CloudStack thrives under Apache, adds Amazon Web Services support

Citrix's gambit to dump OpenStack in favor of CloudStack under Apache may pay off

Citrix generated quite a stir in the OpenStack community last April when it revealed plans to abandon OpenStack in favor of developing CloudStack under an Apache license. However, CloudStack's future soon grew hazy, as it was tough to predict whether developers would follow along or if the platform would die of neglect.

Critics who anticipated the latter may want to reconsider. The Apache CloudStack Project this week unveiled the 4.0.0 incubating release of CloudStack, boasting such features as Amazon API support, inter-VLAN routing, and local storage support for data volumes.

Among the noteworthy additions to this version of CloudStack is the support for Amazon Web Services APIs, including enhanced support for the Elastic Compute Cloud API. In prior releases, users had to install a separate component called CloudBridge and the Management Server, according to Citrix; the new version is installed automatically along with CloudStack and is designed to run in a more closely integrated fashion.

Also new is an inter-VLAN routing capability, which enables users to set up virtual private clouds holding multitier applications deployed on disparate VLANs. Virtual machines can be deployed on different tiers, such as Web, Application, or Database. The VLANs, meanwhile, are connected to a virtual router, which facilities communication among the VMs. This feature is supported on XenServer and VMware hypervisors.

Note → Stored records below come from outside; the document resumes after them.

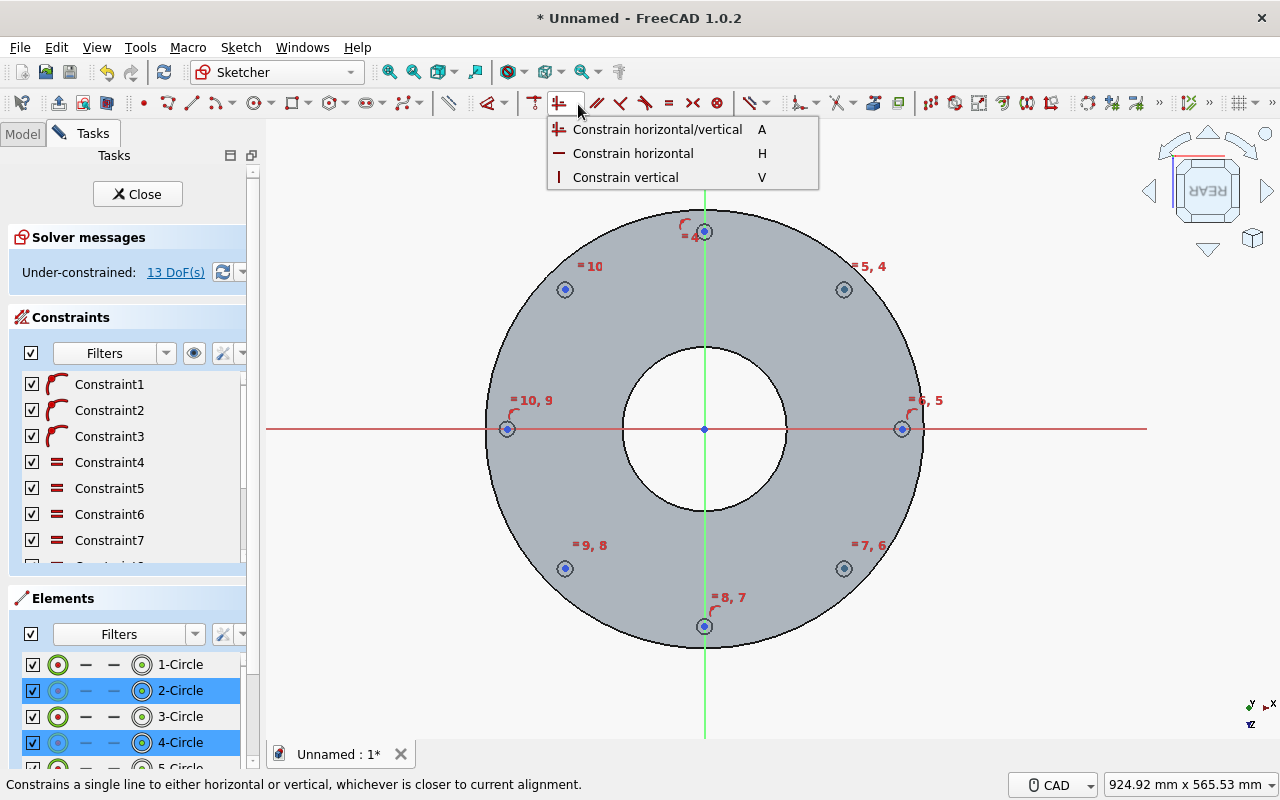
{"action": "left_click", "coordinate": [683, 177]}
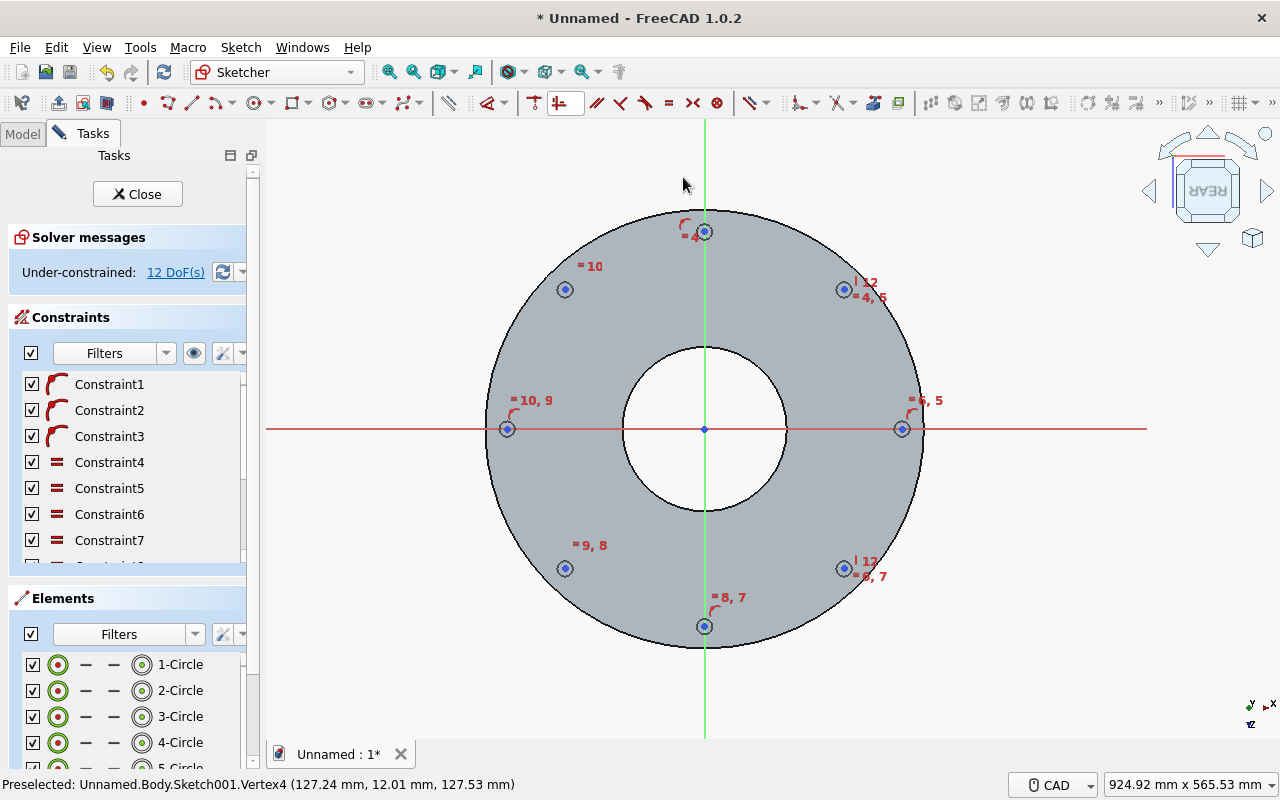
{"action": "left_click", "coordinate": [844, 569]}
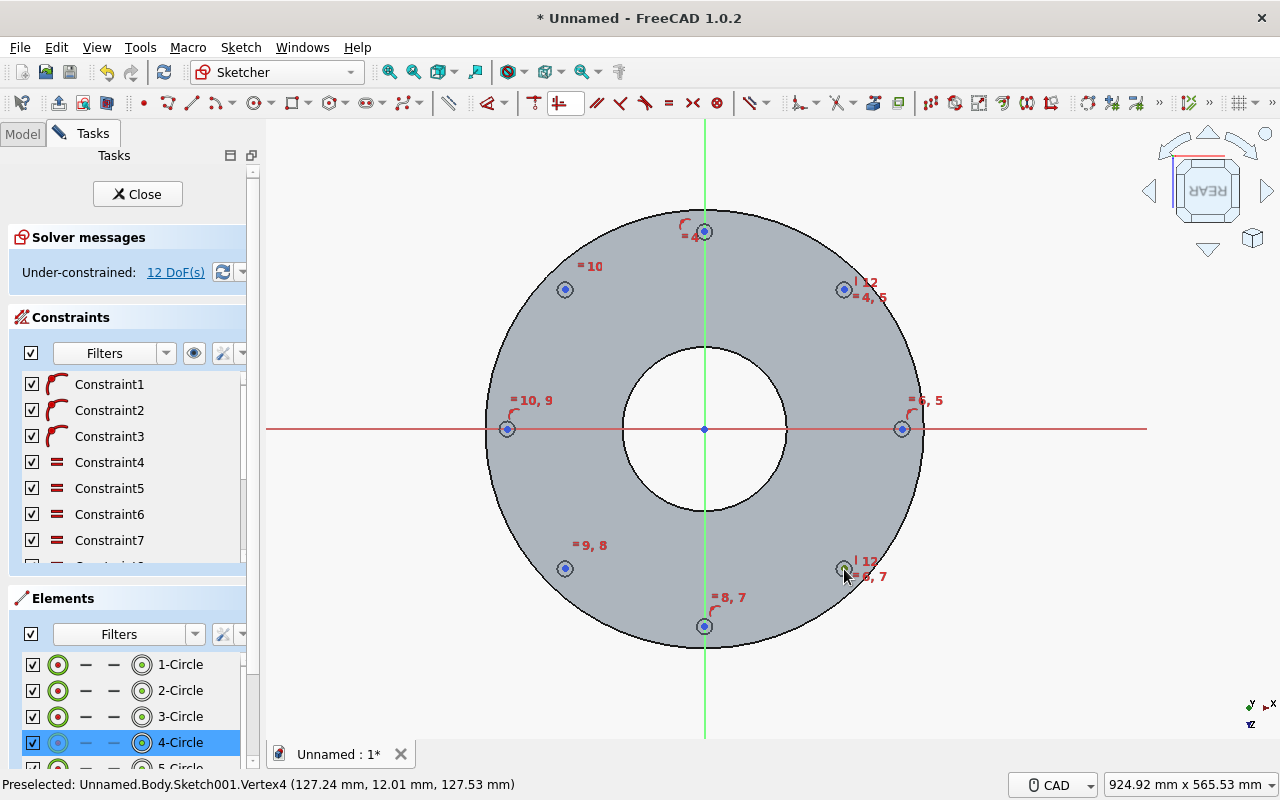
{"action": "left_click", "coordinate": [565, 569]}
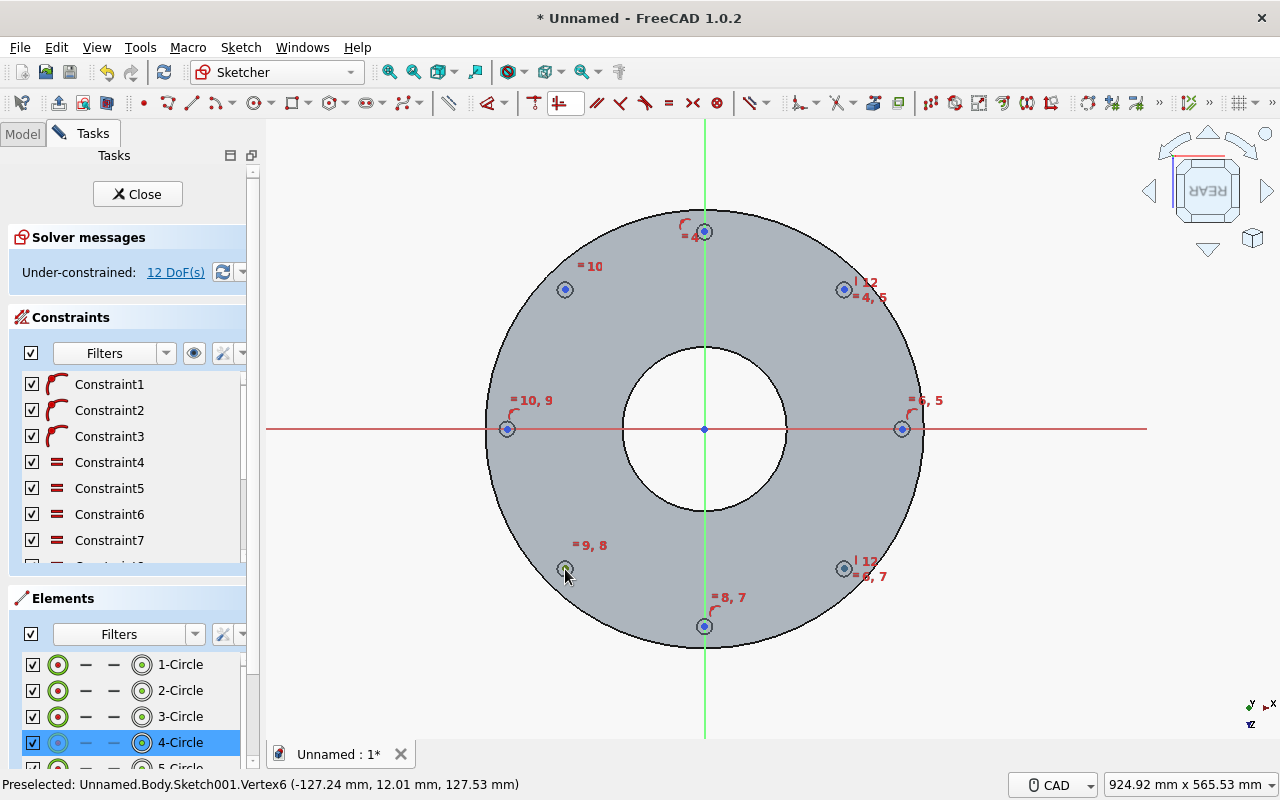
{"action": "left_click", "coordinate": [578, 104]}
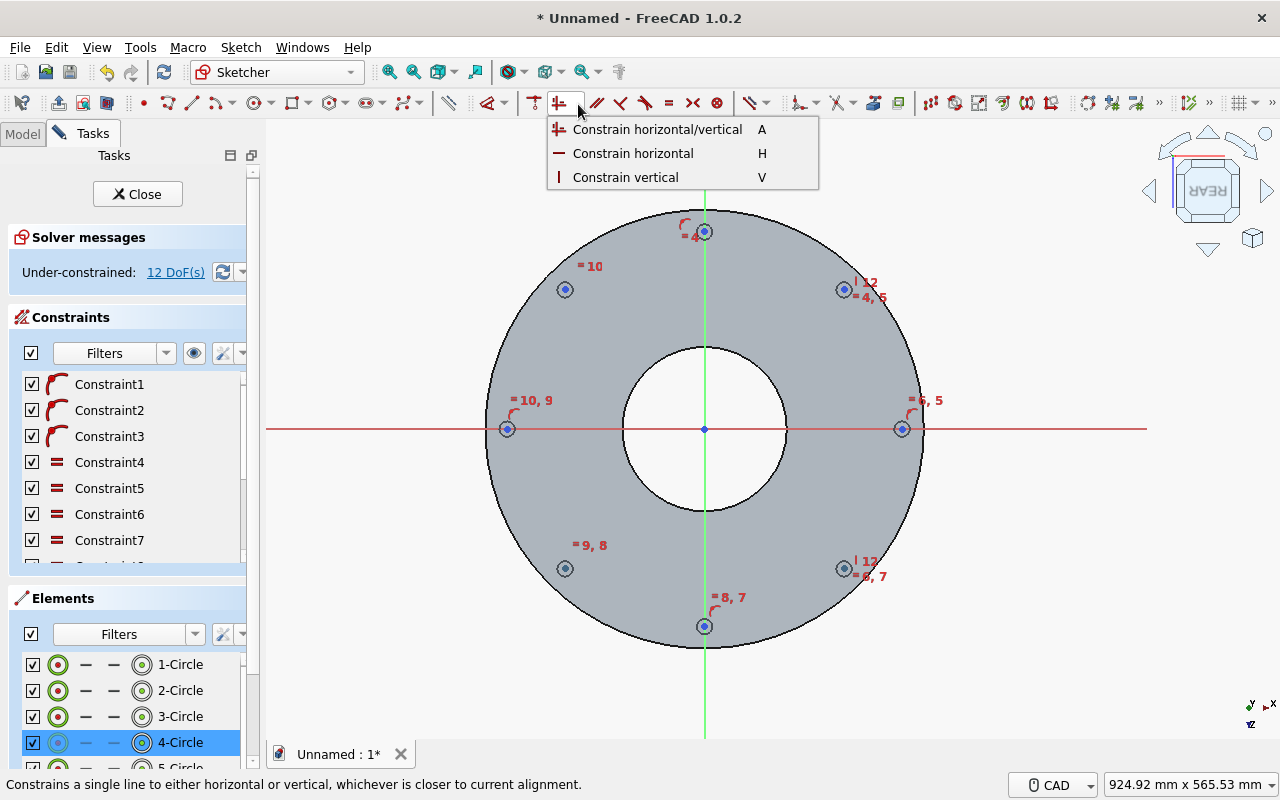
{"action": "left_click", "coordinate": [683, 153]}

"In effect, you can segment VMs by means of VLANs into different networks that can host multitier applications," according to the CloudStack documentation. "Such segmentation by means of VLANs logically separate application VMs for higher security and lower broadcasts, while remaining physically connected to the same device."

Additionally, CloudStack users can create data volumes on local storage. These local data volumes can be attached to virtual machines, detached, re-attached, and deleted, just like other types of data volume. In earlier releases of CloudStack, only the root disk could be placed in local storage. The local storage capability is geared toward deployments where persistence and high availability aren't required, according to the CloudStack Project. Benefits include reduced disk I/O latency and lower costs thanks to less expensive local disks.

Other new features to Version 4.0.0 incubating include:

  • A site-to-site VPN connection for establishing secure connections between an enterprise data center and a cloud infrastructure, allowing users to access guest VMs via a VPN connection to the virtual router
  • The ability for users to securely access VM consoles on the XenServer hypervisor, either using SSH or the View Console option in the Management Server
  • The ability to upload an existing volume to a VM, useful for, say, uploading data from a local file system and attaching it to a VM

This story, "CloudStack thrives under Apache, adds Amazon Web Services support," was originally published at InfoWorld.com. Get the first word on what the important tech news really means with the InfoWorld Tech Watch blog. For the latest developments in business technology news, follow InfoWorld.com on Twitter.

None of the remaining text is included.